● TASK TO COMPLETE: The answer is the set of lines that include "split", copied from the data below.

------ INPUT ------

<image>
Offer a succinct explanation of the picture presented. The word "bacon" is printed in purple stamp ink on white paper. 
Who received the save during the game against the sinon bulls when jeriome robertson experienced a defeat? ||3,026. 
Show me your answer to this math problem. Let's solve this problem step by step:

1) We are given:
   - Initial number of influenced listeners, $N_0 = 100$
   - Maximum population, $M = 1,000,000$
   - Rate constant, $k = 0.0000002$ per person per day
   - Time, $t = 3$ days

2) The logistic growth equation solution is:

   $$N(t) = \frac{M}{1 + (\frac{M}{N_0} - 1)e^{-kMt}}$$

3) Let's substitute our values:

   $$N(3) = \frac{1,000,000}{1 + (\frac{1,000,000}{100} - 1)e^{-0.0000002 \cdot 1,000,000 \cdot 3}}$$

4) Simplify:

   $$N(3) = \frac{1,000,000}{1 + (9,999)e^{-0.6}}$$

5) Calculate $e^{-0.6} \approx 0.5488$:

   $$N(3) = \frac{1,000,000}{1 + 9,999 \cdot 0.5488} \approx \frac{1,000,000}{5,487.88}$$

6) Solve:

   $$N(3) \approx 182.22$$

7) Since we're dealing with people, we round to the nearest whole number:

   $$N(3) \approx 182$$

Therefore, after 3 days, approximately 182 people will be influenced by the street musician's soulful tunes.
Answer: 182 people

------
------ INPUT ------

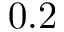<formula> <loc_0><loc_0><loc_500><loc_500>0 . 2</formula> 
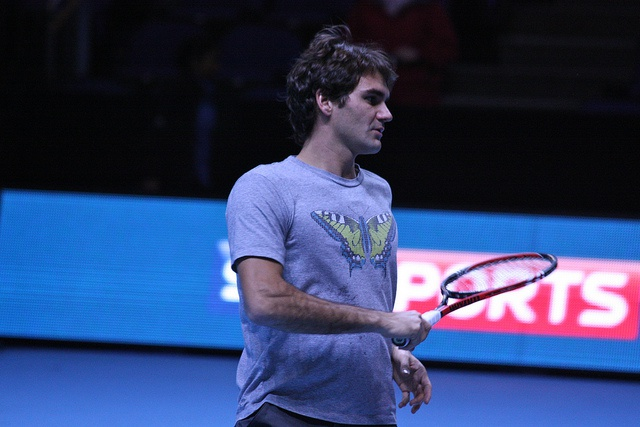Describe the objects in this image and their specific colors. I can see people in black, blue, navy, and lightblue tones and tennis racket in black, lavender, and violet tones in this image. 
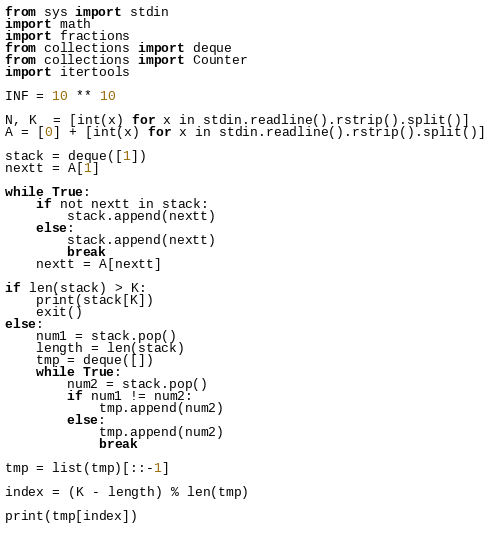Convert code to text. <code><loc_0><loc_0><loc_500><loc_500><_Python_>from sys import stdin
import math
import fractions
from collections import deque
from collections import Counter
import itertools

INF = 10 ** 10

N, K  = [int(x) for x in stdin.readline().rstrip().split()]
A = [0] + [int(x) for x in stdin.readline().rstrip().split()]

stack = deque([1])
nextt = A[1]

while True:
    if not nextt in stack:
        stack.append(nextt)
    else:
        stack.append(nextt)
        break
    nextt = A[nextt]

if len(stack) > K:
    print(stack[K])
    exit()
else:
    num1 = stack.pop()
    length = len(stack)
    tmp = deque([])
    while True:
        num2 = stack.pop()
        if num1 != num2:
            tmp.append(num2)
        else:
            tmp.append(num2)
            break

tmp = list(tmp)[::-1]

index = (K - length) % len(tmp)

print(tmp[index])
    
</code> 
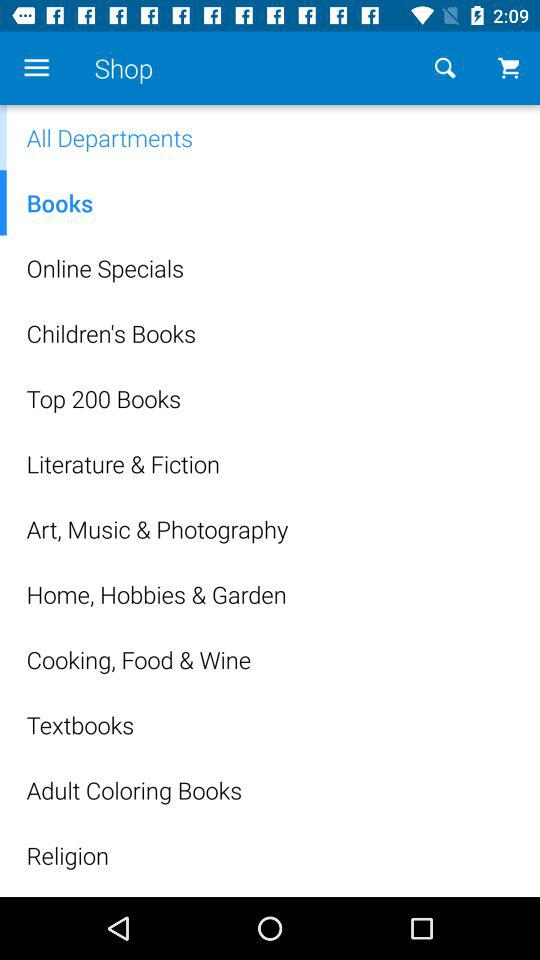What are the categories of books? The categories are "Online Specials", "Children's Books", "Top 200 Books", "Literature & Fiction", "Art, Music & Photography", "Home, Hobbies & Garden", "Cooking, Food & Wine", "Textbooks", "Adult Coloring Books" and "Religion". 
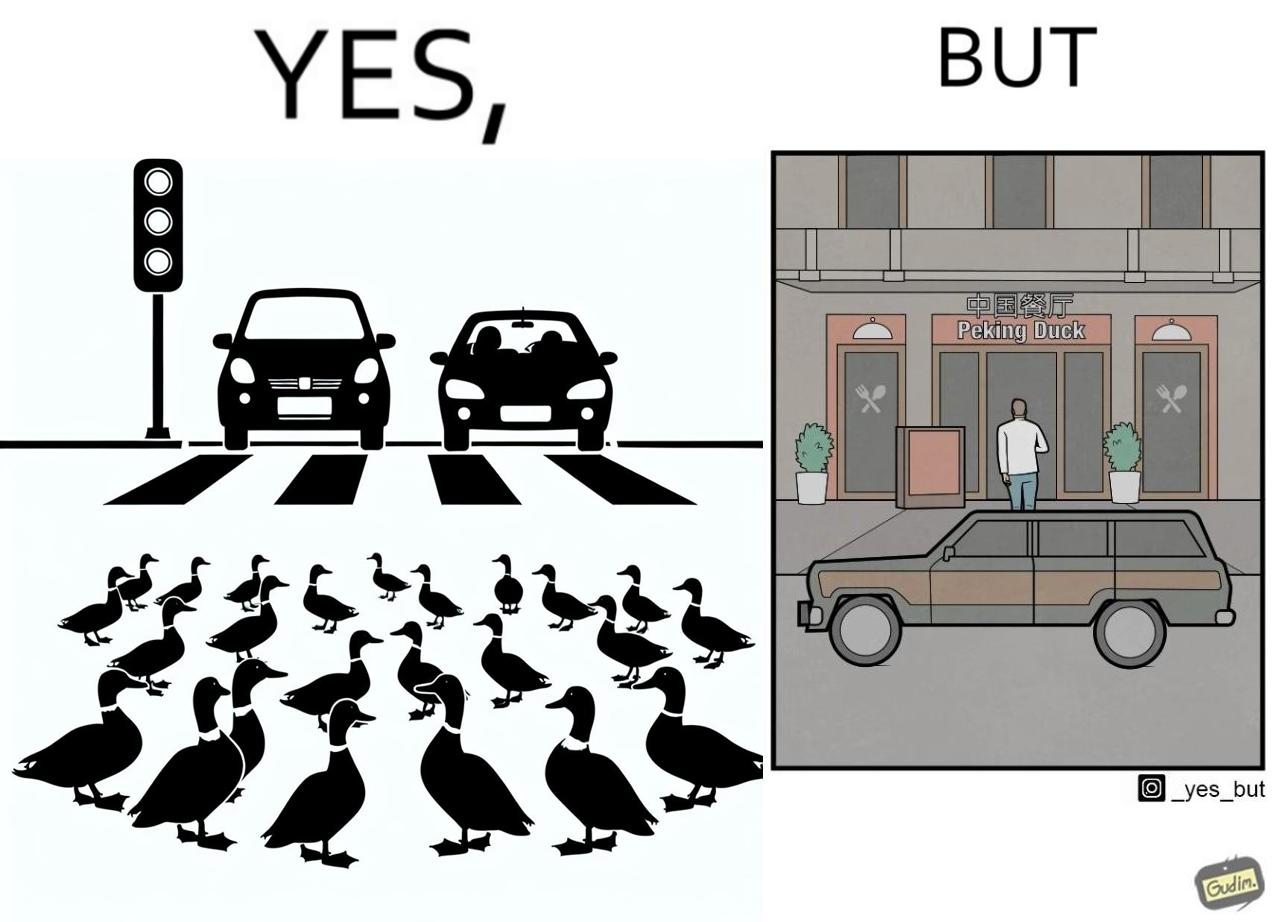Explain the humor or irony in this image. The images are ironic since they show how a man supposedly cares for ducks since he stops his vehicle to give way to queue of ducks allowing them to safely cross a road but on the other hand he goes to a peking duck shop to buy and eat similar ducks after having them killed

------
------ INPUT ------

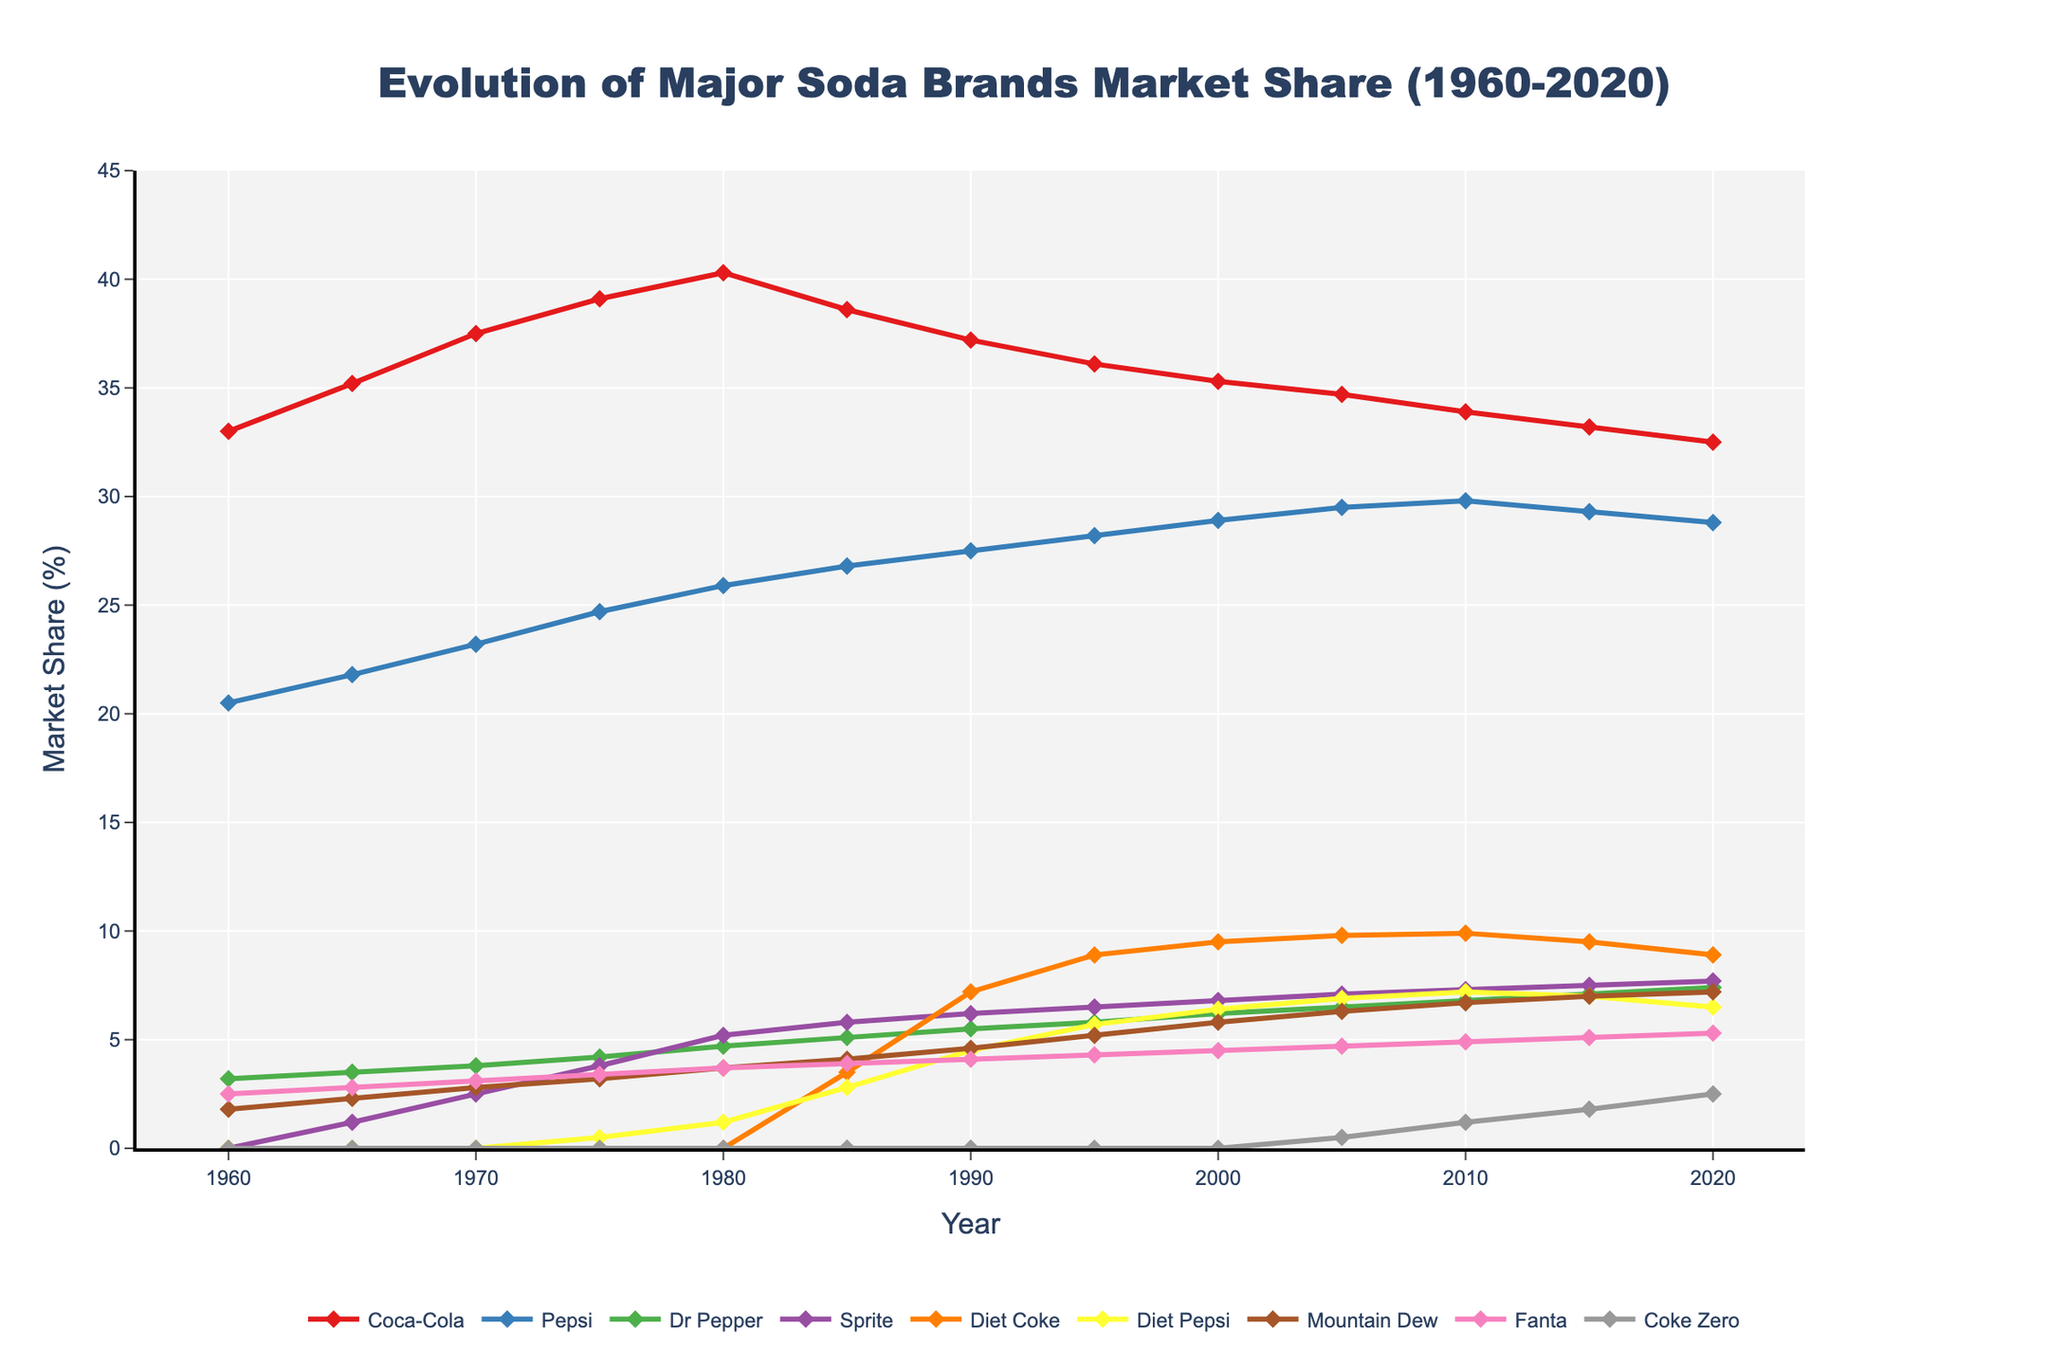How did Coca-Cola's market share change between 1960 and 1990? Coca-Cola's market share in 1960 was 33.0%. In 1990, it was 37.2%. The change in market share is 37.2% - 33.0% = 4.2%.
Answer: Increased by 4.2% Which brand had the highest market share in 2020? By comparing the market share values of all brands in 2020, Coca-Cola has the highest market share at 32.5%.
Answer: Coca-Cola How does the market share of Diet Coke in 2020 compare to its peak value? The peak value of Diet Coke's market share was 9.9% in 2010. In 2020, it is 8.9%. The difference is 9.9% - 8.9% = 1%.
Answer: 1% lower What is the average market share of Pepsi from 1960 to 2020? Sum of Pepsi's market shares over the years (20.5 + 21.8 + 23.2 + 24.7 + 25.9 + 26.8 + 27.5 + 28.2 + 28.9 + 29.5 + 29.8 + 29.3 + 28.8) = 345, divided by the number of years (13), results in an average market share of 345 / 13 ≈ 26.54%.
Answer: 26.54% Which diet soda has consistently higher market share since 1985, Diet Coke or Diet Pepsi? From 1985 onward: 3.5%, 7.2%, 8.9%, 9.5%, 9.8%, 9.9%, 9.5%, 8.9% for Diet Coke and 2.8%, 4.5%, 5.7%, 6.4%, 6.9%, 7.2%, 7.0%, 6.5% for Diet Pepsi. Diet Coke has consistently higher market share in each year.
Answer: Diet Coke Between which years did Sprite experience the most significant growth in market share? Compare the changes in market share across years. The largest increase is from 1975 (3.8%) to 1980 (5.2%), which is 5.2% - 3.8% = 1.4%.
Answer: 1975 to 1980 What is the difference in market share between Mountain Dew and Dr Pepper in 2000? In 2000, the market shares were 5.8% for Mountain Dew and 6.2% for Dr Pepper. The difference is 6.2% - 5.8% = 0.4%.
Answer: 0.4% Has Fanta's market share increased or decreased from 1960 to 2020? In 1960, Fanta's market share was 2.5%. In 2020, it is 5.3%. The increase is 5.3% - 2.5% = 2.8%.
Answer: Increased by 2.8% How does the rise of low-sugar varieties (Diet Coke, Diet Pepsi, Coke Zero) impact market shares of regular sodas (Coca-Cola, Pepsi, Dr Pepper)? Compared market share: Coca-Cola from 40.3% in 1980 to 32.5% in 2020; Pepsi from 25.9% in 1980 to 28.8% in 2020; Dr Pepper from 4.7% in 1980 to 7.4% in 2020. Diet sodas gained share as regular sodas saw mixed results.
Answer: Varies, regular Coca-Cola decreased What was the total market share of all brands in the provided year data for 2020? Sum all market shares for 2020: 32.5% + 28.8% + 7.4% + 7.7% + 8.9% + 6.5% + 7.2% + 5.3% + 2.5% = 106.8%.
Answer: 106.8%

------

● ANSWER TO THE EXERCISE:
N, K  = [int(x) for x in stdin.readline().rstrip().split()]
A = [0] + [int(x) for x in stdin.readline().rstrip().split()]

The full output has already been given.